(TASK TO CARRY OUT) Within the records below, find each line that holds the string "list", then copy it.

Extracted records
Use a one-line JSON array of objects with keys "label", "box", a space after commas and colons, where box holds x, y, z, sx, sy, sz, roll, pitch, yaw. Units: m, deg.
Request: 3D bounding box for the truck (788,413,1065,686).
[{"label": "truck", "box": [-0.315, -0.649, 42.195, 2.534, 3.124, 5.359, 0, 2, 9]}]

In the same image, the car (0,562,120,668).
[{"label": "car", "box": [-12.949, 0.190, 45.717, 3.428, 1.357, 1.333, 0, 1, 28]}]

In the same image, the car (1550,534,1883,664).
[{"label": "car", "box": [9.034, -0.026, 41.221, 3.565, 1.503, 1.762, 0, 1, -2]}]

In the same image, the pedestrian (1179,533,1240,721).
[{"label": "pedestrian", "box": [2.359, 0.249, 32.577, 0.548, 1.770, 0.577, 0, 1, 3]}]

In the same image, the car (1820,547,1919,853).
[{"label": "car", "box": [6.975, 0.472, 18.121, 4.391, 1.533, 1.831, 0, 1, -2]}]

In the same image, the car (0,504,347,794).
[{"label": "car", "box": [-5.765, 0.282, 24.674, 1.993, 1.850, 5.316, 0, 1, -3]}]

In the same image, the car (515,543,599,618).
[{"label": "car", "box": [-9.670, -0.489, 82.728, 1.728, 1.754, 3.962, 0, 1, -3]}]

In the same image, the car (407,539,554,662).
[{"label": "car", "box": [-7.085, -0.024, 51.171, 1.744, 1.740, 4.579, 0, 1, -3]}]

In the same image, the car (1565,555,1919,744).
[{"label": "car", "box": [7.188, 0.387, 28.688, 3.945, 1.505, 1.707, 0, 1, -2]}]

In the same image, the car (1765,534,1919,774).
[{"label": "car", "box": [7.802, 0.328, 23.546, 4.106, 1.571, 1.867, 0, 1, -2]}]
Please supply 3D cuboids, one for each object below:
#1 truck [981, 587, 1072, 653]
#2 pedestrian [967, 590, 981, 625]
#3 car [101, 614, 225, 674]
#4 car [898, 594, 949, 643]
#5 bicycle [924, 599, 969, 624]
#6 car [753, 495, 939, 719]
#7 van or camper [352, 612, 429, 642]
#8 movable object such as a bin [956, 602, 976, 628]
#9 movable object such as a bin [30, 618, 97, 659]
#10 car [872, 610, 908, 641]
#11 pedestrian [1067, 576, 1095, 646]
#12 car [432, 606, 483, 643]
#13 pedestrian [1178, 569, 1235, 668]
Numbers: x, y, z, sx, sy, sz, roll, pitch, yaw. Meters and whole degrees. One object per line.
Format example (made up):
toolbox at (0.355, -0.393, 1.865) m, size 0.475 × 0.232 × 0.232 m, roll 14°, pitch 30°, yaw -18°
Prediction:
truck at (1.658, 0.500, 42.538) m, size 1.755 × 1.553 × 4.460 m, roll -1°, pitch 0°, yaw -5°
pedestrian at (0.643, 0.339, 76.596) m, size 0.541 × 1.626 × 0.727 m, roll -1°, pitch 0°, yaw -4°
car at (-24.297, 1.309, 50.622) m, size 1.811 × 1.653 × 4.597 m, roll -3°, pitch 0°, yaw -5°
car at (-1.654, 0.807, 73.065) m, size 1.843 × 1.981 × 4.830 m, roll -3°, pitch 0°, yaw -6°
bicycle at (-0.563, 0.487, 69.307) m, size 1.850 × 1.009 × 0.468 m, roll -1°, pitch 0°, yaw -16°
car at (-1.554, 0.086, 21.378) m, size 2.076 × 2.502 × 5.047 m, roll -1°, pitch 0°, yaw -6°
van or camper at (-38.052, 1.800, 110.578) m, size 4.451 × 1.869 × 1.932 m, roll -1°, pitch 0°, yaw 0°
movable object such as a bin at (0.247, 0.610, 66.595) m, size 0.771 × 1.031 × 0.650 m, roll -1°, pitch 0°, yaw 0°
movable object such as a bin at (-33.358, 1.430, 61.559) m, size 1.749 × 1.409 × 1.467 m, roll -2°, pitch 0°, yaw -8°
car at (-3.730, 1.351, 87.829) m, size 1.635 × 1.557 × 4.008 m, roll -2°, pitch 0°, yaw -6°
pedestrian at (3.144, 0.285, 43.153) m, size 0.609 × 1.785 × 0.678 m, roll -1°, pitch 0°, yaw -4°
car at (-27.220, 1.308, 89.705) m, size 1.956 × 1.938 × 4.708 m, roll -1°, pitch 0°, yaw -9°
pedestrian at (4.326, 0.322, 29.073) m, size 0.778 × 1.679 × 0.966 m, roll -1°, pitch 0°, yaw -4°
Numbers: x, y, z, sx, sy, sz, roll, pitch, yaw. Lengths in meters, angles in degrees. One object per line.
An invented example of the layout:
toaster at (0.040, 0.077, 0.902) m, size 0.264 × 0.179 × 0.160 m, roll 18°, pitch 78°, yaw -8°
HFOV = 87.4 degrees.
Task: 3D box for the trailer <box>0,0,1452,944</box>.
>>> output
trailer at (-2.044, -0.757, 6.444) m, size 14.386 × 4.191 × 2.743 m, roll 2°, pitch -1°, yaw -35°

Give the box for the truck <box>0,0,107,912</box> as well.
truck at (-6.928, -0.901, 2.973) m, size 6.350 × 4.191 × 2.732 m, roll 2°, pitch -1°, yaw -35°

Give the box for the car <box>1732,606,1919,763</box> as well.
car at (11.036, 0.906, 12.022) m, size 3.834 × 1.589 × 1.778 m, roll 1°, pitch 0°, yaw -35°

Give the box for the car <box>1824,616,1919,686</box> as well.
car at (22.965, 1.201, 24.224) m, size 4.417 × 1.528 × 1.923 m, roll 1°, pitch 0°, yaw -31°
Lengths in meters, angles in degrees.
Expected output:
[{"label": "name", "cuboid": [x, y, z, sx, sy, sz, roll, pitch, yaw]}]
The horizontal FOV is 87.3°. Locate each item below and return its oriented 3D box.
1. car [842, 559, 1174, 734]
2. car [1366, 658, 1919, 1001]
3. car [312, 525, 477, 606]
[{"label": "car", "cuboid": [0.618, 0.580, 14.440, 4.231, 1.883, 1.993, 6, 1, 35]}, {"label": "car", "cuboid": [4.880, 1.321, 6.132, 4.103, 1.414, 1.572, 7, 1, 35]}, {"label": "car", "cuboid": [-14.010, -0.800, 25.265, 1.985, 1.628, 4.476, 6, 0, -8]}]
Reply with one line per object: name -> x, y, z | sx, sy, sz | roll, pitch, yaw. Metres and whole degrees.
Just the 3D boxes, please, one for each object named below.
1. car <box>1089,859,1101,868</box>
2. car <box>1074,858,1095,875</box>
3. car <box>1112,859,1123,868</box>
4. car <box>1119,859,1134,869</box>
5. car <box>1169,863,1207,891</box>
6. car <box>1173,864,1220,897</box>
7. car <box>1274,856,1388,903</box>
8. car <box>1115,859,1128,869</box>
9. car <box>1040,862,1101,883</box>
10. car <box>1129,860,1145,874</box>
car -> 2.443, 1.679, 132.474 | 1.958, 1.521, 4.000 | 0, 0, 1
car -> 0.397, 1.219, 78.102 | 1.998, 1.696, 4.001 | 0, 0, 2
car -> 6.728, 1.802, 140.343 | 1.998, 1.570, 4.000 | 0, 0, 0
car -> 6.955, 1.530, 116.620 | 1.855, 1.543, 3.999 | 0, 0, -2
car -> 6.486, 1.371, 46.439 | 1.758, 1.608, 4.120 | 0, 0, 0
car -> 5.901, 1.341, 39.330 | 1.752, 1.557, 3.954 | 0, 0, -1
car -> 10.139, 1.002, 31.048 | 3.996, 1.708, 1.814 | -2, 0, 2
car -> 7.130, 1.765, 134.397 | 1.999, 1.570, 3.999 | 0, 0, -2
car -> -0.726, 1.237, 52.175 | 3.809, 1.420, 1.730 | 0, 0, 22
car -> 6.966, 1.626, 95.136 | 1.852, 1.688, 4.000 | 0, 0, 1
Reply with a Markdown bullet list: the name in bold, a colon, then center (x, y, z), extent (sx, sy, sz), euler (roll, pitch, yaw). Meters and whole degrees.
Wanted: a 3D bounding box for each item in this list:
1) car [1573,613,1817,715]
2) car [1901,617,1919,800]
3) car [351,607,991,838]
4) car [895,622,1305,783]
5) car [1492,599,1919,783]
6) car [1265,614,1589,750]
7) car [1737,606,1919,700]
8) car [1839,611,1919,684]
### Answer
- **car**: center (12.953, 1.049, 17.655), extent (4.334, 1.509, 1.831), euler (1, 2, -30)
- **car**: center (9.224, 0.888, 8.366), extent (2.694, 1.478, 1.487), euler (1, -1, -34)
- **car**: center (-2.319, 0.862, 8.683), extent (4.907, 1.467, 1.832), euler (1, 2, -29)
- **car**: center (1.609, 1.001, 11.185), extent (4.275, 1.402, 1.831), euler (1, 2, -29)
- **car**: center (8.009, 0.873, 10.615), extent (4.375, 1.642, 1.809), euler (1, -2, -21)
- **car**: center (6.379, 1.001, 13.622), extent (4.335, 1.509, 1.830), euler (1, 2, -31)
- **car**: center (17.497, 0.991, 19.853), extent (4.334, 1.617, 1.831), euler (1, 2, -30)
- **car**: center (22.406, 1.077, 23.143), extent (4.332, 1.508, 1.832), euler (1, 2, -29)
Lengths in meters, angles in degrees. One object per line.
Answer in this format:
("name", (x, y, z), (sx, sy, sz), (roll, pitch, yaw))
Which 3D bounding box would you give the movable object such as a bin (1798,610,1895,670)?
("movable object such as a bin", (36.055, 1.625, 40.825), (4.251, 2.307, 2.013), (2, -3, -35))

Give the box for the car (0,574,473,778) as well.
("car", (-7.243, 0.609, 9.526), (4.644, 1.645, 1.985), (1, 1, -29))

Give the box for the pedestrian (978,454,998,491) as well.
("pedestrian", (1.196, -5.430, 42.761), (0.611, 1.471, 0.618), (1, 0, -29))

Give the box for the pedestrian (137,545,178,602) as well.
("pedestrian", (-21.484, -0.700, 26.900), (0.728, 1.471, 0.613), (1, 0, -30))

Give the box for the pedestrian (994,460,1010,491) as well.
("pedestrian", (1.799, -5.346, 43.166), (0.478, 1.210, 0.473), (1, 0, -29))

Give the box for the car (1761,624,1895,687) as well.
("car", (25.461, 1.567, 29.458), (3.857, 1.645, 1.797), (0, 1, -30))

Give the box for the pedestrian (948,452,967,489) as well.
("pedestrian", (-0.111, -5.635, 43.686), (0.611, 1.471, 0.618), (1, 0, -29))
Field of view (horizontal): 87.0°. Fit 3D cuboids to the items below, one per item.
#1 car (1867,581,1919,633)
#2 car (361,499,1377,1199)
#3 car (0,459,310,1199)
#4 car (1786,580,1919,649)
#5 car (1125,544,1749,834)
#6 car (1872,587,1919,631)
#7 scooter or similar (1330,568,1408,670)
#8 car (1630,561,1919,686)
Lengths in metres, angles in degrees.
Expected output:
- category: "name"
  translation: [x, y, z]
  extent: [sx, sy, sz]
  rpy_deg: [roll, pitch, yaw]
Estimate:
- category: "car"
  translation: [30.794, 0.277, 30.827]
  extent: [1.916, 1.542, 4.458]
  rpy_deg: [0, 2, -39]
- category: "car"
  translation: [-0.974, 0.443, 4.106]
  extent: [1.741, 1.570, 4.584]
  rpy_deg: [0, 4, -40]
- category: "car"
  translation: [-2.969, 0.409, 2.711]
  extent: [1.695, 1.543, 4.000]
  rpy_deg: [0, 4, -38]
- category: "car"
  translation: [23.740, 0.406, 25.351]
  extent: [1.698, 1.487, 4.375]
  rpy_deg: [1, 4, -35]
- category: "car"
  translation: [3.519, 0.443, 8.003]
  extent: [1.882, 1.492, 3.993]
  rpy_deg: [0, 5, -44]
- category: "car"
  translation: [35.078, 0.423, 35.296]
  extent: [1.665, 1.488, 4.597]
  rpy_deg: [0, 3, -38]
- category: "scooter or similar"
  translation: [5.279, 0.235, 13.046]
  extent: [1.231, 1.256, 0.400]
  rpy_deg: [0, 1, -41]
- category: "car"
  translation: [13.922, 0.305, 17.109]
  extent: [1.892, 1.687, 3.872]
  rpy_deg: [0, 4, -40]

(THE ANSWER)
Reply with a Markdown bullet list: the name in bold, a colon, then center (x, y, z), extent (sx, sy, sz), euler (roll, pitch, yaw). Meters and whole degrees.
Wanted: a 3D bounding box for each item in this list:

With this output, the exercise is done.